**EXERCISE DETAILS**
I would like each line of the data that holds the word "apiece" copied out.

**MATERIAL FOR THIS EXERCISE**
- Opening Delimiter -
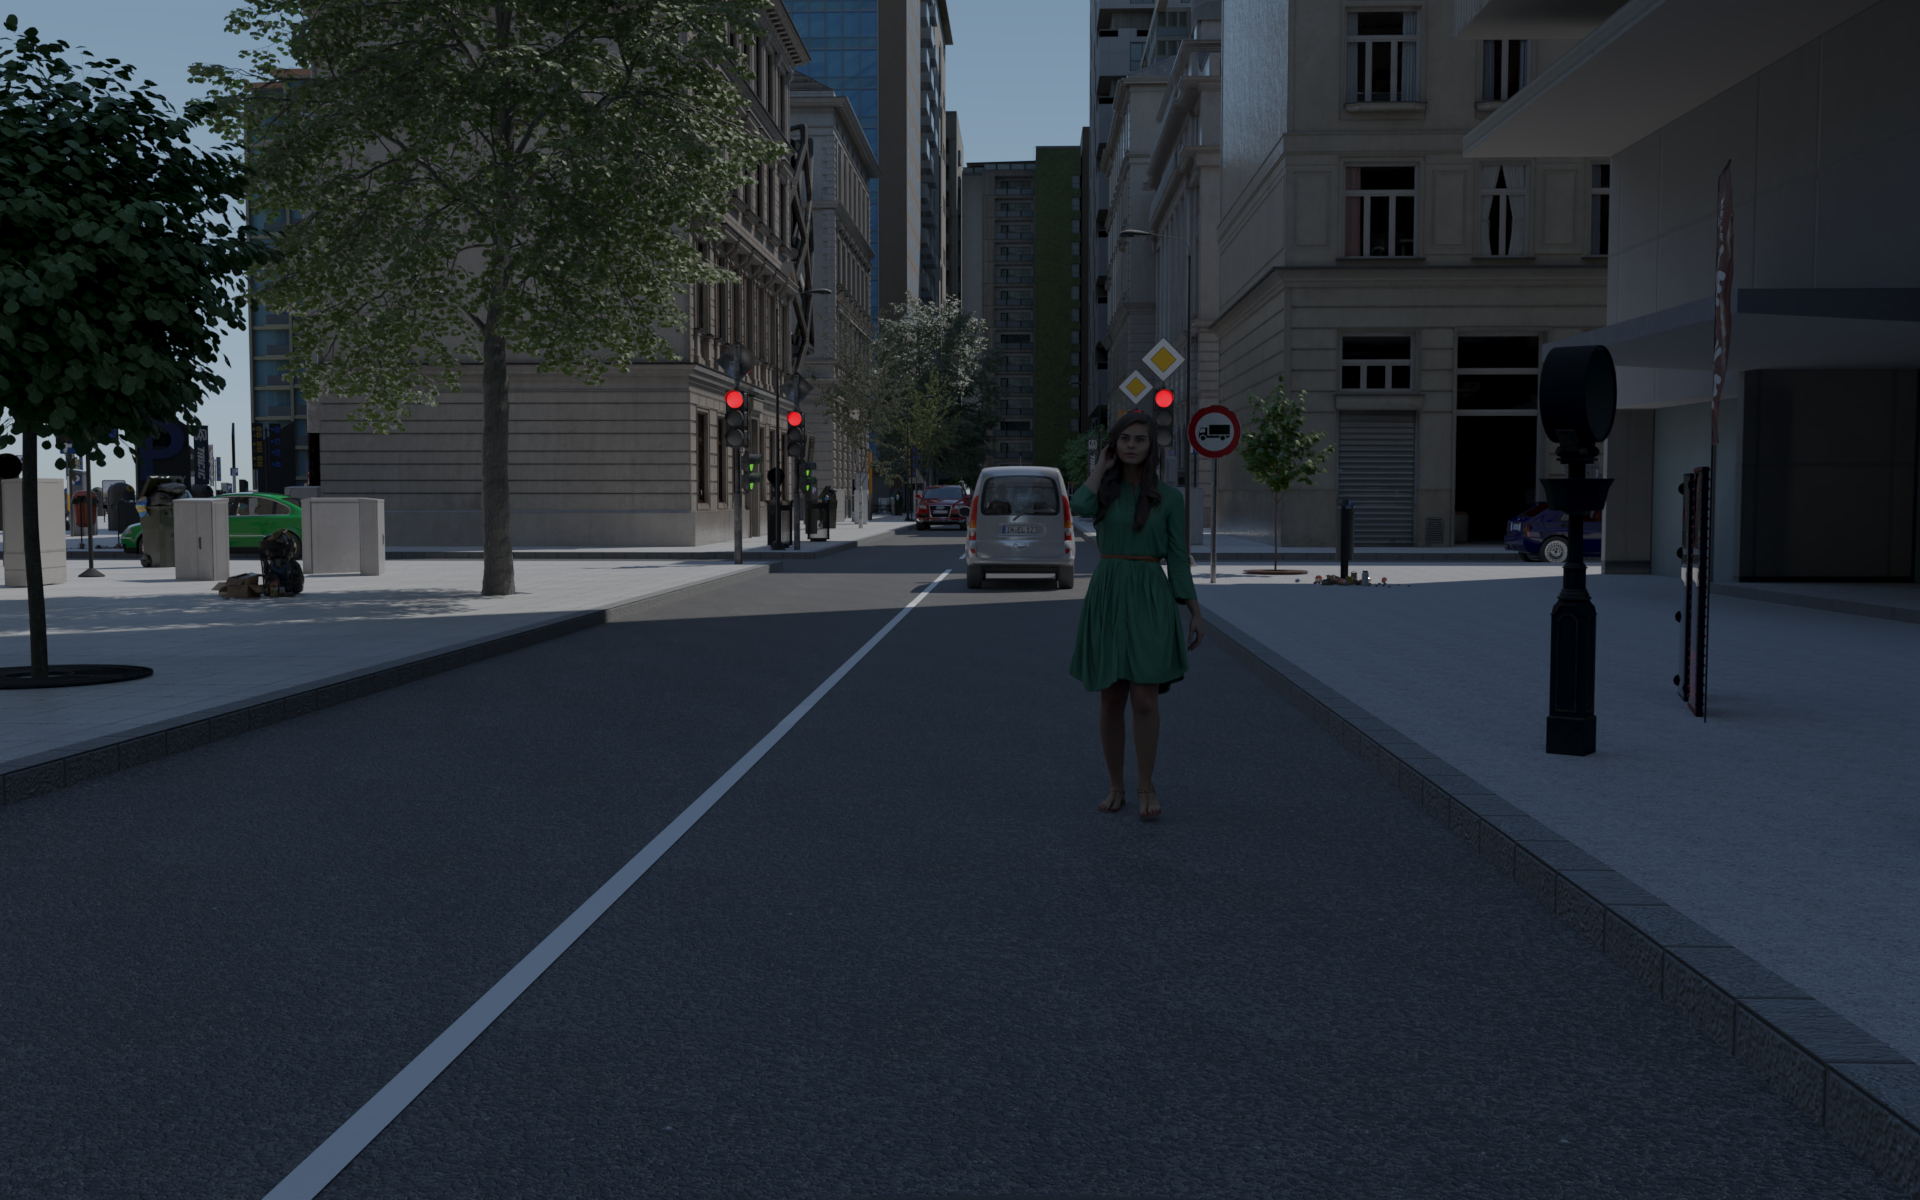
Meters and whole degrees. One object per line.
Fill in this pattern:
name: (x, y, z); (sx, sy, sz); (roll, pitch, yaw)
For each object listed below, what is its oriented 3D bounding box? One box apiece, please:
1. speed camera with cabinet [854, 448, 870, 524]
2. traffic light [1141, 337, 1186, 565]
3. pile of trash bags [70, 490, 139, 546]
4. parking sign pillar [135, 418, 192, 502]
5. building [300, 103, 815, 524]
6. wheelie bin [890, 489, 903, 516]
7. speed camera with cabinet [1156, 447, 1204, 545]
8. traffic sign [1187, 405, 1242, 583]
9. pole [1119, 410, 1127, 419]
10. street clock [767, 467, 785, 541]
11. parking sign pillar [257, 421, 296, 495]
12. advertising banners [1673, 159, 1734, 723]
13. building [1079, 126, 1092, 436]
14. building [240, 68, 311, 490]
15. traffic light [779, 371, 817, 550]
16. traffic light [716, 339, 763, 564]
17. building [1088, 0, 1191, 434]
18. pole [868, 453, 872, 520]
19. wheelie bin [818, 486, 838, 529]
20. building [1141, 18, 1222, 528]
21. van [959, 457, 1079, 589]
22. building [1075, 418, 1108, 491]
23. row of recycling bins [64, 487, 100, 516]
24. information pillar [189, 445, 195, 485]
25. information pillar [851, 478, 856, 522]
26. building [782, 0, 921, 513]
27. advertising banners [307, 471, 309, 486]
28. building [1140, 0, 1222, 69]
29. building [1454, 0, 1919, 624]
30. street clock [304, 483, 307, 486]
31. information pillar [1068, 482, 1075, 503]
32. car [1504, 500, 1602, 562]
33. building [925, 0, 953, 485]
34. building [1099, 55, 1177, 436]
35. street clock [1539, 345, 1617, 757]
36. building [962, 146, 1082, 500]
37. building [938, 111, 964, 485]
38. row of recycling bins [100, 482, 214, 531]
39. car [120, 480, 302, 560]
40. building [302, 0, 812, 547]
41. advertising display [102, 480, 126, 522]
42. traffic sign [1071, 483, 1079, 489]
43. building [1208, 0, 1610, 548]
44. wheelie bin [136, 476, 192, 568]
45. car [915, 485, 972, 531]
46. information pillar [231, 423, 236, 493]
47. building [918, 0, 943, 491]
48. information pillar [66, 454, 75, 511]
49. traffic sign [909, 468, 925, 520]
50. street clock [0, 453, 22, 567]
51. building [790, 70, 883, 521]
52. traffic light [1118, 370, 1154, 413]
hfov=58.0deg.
- Closing Delimiter -
- Opening Delimiter -
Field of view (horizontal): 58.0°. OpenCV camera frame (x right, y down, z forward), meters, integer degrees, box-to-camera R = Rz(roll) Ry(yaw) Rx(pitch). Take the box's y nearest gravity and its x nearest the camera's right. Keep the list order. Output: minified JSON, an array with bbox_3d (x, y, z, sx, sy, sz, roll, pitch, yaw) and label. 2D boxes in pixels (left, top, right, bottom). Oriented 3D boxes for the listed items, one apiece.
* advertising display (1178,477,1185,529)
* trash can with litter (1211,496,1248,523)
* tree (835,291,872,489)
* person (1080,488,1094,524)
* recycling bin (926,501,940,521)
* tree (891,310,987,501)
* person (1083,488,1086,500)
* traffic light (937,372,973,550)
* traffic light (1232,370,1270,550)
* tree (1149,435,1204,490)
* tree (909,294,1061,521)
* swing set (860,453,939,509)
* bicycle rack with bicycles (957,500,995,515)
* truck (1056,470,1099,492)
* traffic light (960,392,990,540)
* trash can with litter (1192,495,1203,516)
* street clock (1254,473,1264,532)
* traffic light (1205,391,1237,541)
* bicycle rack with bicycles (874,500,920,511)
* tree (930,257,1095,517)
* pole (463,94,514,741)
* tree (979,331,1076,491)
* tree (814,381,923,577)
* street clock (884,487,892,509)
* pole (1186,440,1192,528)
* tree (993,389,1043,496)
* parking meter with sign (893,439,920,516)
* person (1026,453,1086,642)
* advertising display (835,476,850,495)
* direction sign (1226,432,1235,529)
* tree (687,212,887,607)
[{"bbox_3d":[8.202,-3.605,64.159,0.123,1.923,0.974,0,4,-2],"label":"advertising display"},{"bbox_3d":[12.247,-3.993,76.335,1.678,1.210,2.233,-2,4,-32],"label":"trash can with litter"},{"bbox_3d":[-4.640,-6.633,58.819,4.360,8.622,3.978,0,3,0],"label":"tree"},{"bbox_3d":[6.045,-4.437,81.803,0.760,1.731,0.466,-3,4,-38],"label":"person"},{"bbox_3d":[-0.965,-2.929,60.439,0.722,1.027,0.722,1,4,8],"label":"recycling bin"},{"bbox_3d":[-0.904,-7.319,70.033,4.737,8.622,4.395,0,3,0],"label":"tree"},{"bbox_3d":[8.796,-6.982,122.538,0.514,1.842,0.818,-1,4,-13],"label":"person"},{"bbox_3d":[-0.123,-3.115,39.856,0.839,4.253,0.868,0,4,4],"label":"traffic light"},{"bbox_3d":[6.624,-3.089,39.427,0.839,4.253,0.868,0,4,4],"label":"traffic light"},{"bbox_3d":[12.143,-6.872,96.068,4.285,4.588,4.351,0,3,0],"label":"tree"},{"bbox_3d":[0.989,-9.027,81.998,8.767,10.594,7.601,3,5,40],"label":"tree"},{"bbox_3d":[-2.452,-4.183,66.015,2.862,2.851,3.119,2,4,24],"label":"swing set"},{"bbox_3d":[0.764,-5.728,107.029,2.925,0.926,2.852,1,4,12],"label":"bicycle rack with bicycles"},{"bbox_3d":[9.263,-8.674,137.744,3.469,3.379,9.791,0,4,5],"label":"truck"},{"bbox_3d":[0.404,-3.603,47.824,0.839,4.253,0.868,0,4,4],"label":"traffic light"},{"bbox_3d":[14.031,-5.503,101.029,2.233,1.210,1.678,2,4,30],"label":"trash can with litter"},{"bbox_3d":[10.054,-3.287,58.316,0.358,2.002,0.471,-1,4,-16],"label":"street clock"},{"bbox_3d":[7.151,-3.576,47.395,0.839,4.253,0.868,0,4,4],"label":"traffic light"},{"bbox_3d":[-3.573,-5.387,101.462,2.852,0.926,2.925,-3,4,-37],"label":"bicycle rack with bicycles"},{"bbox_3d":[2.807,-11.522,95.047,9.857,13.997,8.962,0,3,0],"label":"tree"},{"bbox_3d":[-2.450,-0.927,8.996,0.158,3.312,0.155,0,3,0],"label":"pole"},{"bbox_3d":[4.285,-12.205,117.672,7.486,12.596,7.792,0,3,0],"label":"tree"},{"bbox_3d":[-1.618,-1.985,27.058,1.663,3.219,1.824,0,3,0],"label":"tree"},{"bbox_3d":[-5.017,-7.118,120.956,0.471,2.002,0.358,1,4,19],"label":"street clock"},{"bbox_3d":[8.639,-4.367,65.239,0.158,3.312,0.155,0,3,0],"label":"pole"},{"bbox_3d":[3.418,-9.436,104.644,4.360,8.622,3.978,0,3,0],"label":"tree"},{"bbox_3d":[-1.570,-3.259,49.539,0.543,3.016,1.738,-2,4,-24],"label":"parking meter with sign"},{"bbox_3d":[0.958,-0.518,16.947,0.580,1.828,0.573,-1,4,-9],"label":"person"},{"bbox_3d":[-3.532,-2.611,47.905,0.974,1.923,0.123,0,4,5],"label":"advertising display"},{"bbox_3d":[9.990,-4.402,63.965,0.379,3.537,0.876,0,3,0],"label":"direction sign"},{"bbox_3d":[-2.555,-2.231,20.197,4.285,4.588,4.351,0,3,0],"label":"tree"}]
- Closing Delimiter -
**ANSWER BOX**
For each object listed below, what is its oriented 3D bounding box? One box apiece, please:
Field of view (horizontal): 58.0°. OpenCV camera frame (x right, y down, z forward), meters, integer degrees, box-to-camera R = Rz(roll) Ry(yaw) Rx(pitch). Take the box's y nearest gravity and its x nearest the camera's right. Keep the list order. Output: minified JSON, an array with bbox_3d (x, y, z, sx, sy, sz, roll, pitch, yaw) and label. 2D boxes in pixels (left, top, right, bottom). Oriented 3D boxes for the listed items, one apiece.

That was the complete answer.